R. c. Lacasse, 2015 CSC 64

[6]                              Bien qu’il soit dans l’ordre des choses pour les juges d’instance de considérer d’autres peines que l’emprisonnement dans les cas qui s’y prêtent, en l’espèce, comme dans tous les cas où la dissuasion générale ou spécifique et la dénonciation doivent primer, les tribunaux disposent de très peu de moyens à part l’emprisonnement pour satisfaire à ces objectifs, lesquels sont essentiels au maintien d’une société juste, paisible et respectueuse des lois.

[…]

[73]                          Bien que les objectifs de dissuasion et de dénonciation demeurent pertinents dans la plupart des cas, ils revêtent une importance particulière à l’égard d’infractions susceptibles d’être commises par des citoyens habituellement respectueux des lois. En effet, ce sont ces derniers, davantage que les multi-récidivistes, qui sont sensibles à des peines sévères. Les infractions de conduite avec les capacités affaiblies en sont un exemple évident, comme l’a rappelé notre Cour dans l’arrêt Proulx :

[I]l est possible que la conduite dangereuse et la conduite avec les facultés affaiblies soient des infractions à l’égard desquelles il est plus plausible que l’infliction de peines sévères ait un effet dissuasif général.  Souvent, ces crimes sont commis par des citoyens qui respectent par ailleurs la loi, qui sont de bons travailleurs et qui ont un conjoint et des enfants.  Il est possible de supposer qu’il s’agit là des personnes les plus susceptibles d’être dissuadées par la menace de peines sévères: R. c. McVeigh (1985), 1985 CanLII 115 (ON CA)22 C.C.C. (3d) 145 (C.A. Ont.), à la p. 150; R. c. Biancofiore (1997), 1997 CanLII 3420 (ON CA)119 C.C.C. (3d) 344 (C.A. Ont.), aux par. 18 à 24R. c. Blakeley(1998), 1998 CanLII 6218 (ON CA)40 O.R. (3d) 541 (C.A.), aux pp. 542 et 543. [par. 129]

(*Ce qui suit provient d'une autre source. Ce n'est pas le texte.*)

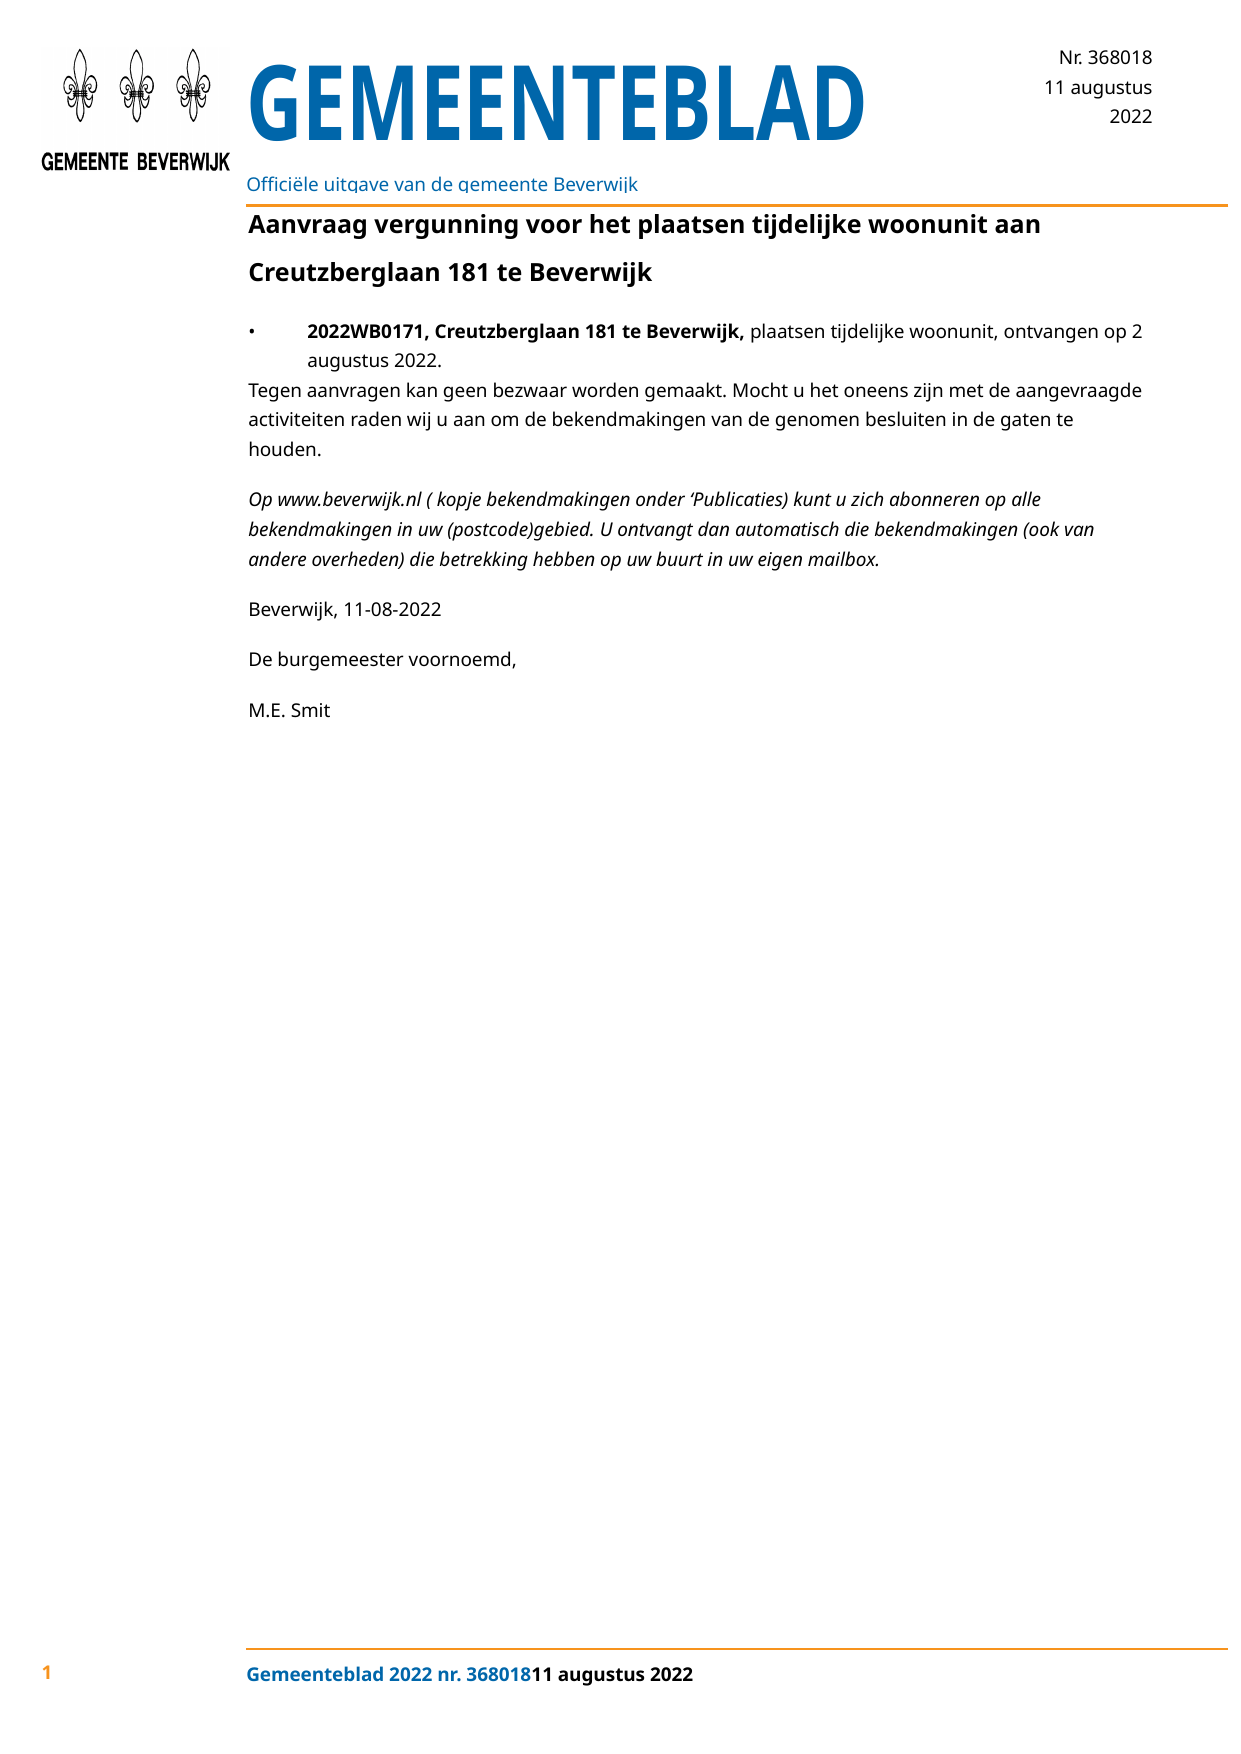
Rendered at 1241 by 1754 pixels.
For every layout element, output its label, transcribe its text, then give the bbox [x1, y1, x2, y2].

list 2022WB0171, Creutzberglaan 181 te Beverwijk, plaatsen tijdelijke woonunit, ontvangen op 2 augustus 2022. [248, 318, 1152, 373]
text Aanvraag vergunning voor het plaatsen tijdelijke woonunit aan Creutzberglaan 181 te Beverwijk [248, 207, 1152, 288]
text Tegen aanvragen kan geen bezwaar worden gemaakt. Mocht u het oneens zijn met de aangevraagde activiteiten raden wij u aan om de bekendmakingen van de genomen besluiten in de gaten te houden. [248, 377, 1152, 462]
text De burgemeester voornoemd, [248, 647, 1152, 672]
text Beverwijk, 11-08-2022 [248, 596, 1152, 622]
picture [41, 47, 231, 172]
text M.E. Smit [248, 697, 1152, 723]
text Op www.beverwijk.nl ( kopje bekendmakingen onder ‘Publicaties) kunt u zich abonneren op alle bekendmakingen in uw (postcode)gebied. U ontvangt dan automatisch die bekendmakingen (ook van andere overheden) die betrekking hebben op uw buurt in uw eigen mailbox. [248, 487, 1152, 572]

[74]                          Comme je le rappelais en introduction, des tribunaux de diverses régions du pays ont souscrit au principe selon lequel les objectifs de dissuasion et de dénonciation devaient être favorisés dans l’infliction de peines pour ce type d’infraction. À titre d’exemple, la Cour d’appel du Québec a souligné ce qui suit dans l’arrêt Lépine :

Les sentences imposées pour des crimes, impliquant la conduite de véhicule automobile de façon dangereuse sous l’influence de l’alcool, doivent viser à dissuader le public de façon générale quant à ce genre de conduite. Aussi, notre Cour a maintenu des peines de détention significatives pour des infractions de cette nature : R. c. KellyJ.E. 97-1570 (C.A.).

Bien souvent la gravité objective de ces crimes s’évalue plus en fonction des conséquences et de l’ampleur de celles-ci que du degré de conscience coupable, d’où l’augmentation des peines maximales par le législateur selon la conséquence qui a résulté de la conduite.

La perte d’une vie humaine occasionnée par la conduite d’un véhicule sous l’effet des facultés affaiblies est une conséquence à laquelle on ne peut remédier, d’où l’importance pour les tribunaux d’envoyer un message de réprobation à l’endroit des personnes qui se placent dans une situation potentiellement dangereuse, et ce, même si le délinquant n’est pas une personne criminalisée non plus qu’il n’ait voulu cet incident tragique. [par. 19-21]

[75]                          Dans le même sens, la Cour d’appel du Québec s’est exprimée ainsi dans l’arrêt Brutus :

En terminant, il y a lieu de rappeler que les tribunaux tiennent depuis longtemps des propos fort sévères concernant la commission des infractions routières de ce genre et affirment la primauté des objectifs de dénonciation et de dissuasion pour exprimer leur volonté de marquer par des peines exemplaires la réprobation de la société à l’égard de ces crimes, particulièrement dans les cas où des conséquences graves (comme en l’espèce) en résultent pour les victimes. La réprobation de la société peut se traduire par des peines d’incarcération plus longues, qui ont un effet dissuasif à la fois sur le délinquant lui-même et sur tous ceux et celles qui seraient tentés de l’imiter. La peine imposée en l’espèce n’est pas déraisonnable au regard de cet objectif, pas plus qu’elle ne l’est au regard de toutes les circonstances propres à l’affaire. [par. 18]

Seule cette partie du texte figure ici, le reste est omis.